The Government intends, subject to the outcome of the consultation, to introduce legislation in the Finance Bill 2007.
'HMRC are once again tightening the screws on tax avoidance scheme providers', says Grant Thornton's Francesca Lagerberg. They want to make life uncomfortable for those who are not playing by the rules and she says that it ties in with HMRC's stated intention of 'removing' tax avoidance by 2008. However, while few will have sympathy for those who have ignored or deliberately sought to escape the clutches of the disclosure of tax avoidance scheme rules by not reporting what should have been reported, Francesca suspects 'most accountants and tax advisers have gone to great lengths to comply and only a small number of providers, some of whom may be offshore, are flouting the rules'. She is concerned that in their zealousness to shut down schemes, 'HMRC will make the anti-avoidance regime so complex and cumbersome that it takes up considerable time to show that acceptable forms of tax planning are not caught'.

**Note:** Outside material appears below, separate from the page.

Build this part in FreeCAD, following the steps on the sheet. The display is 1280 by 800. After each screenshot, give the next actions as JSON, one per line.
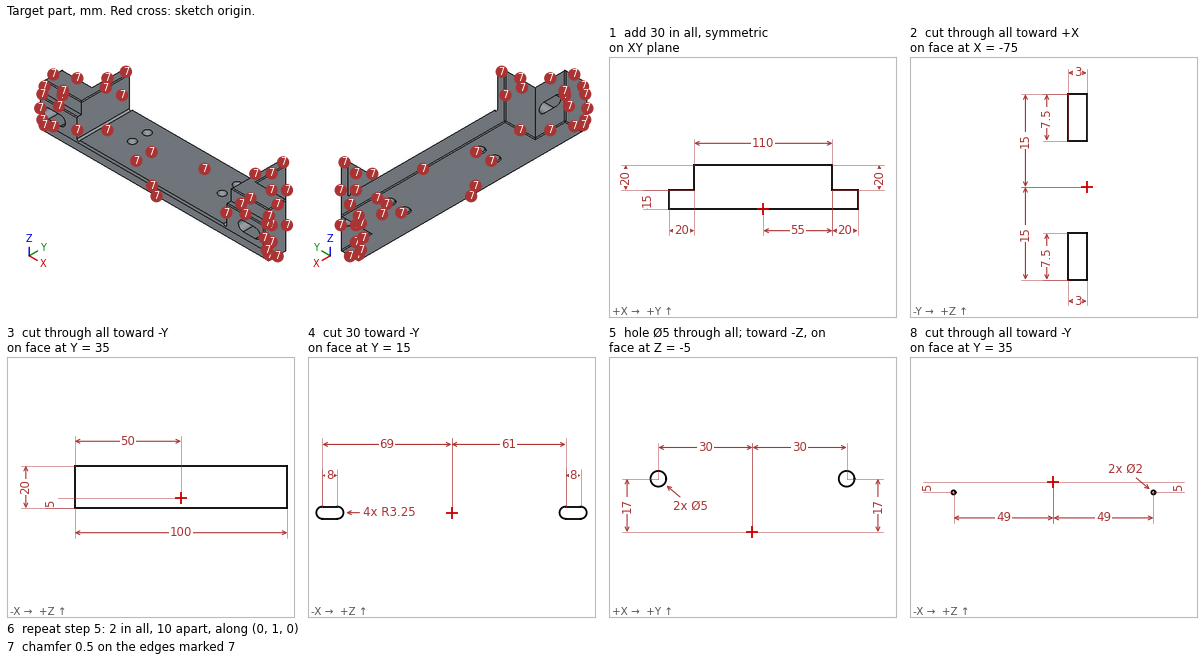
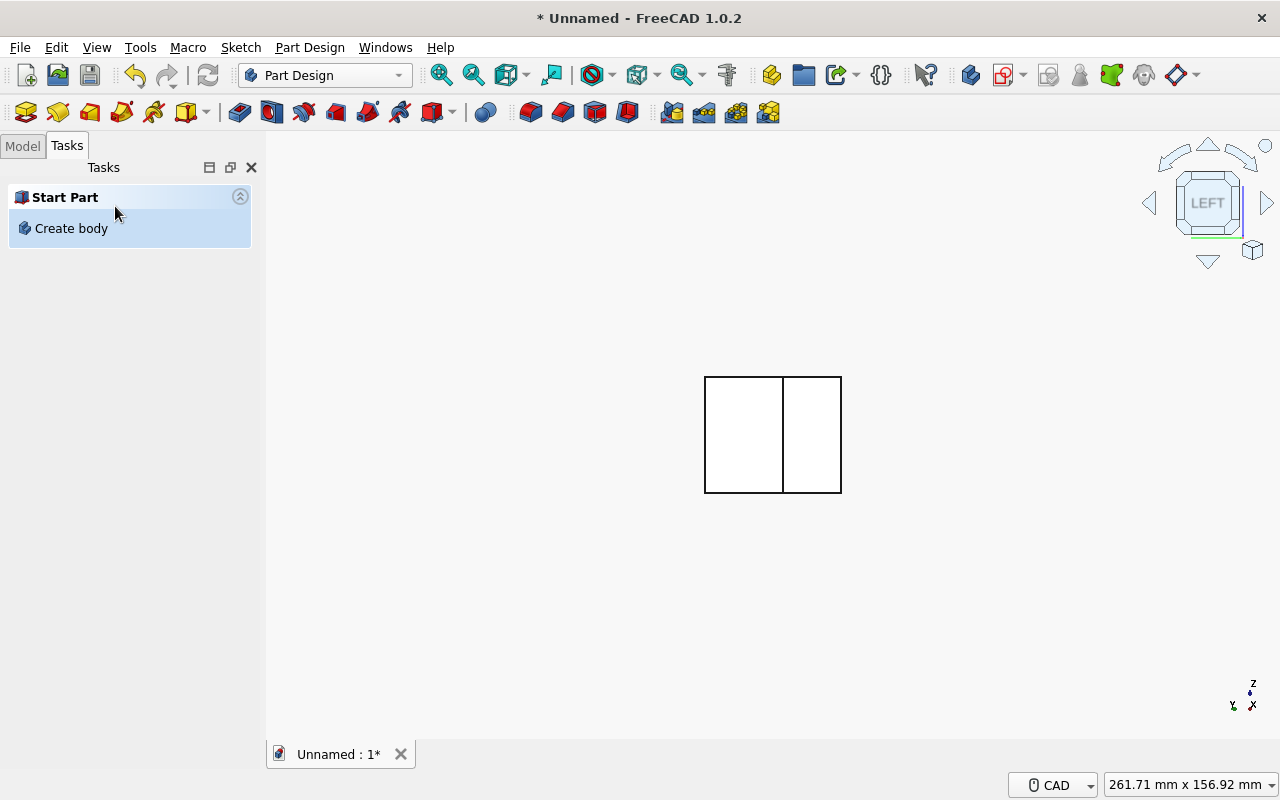
{"action": "left_click", "coordinate": [812, 417]}

HMRC news release dated 18 December 2006
Bonuses for tax
A number of national newspapers have suggested that tax inspectors are being offered bonuses to encourage them to collect more money from taxpayers. It is certainly true that HMRC operate a 'performance management scheme' and on their website they say that they 'believe that there should be a direct link between performance and your salary', but a spokesman for HMRC says that 'HMRC inspectors are not and will not be paid bonuses linked to the amount of tax they collect', HMRC exist to collect the tax that is legally due.
It is also true, however, that HMRC are under orders to increase the tax yield in the next two years, the aim being to collect an additional £3.5 billion taxes unpaid but due, a year. So while the stories about bonuses being related to the amount of extra tax collected are denied by HMRC, it would be appropriate for them to make it clear how performance related bonuses are paid and to publish the criteria on their website.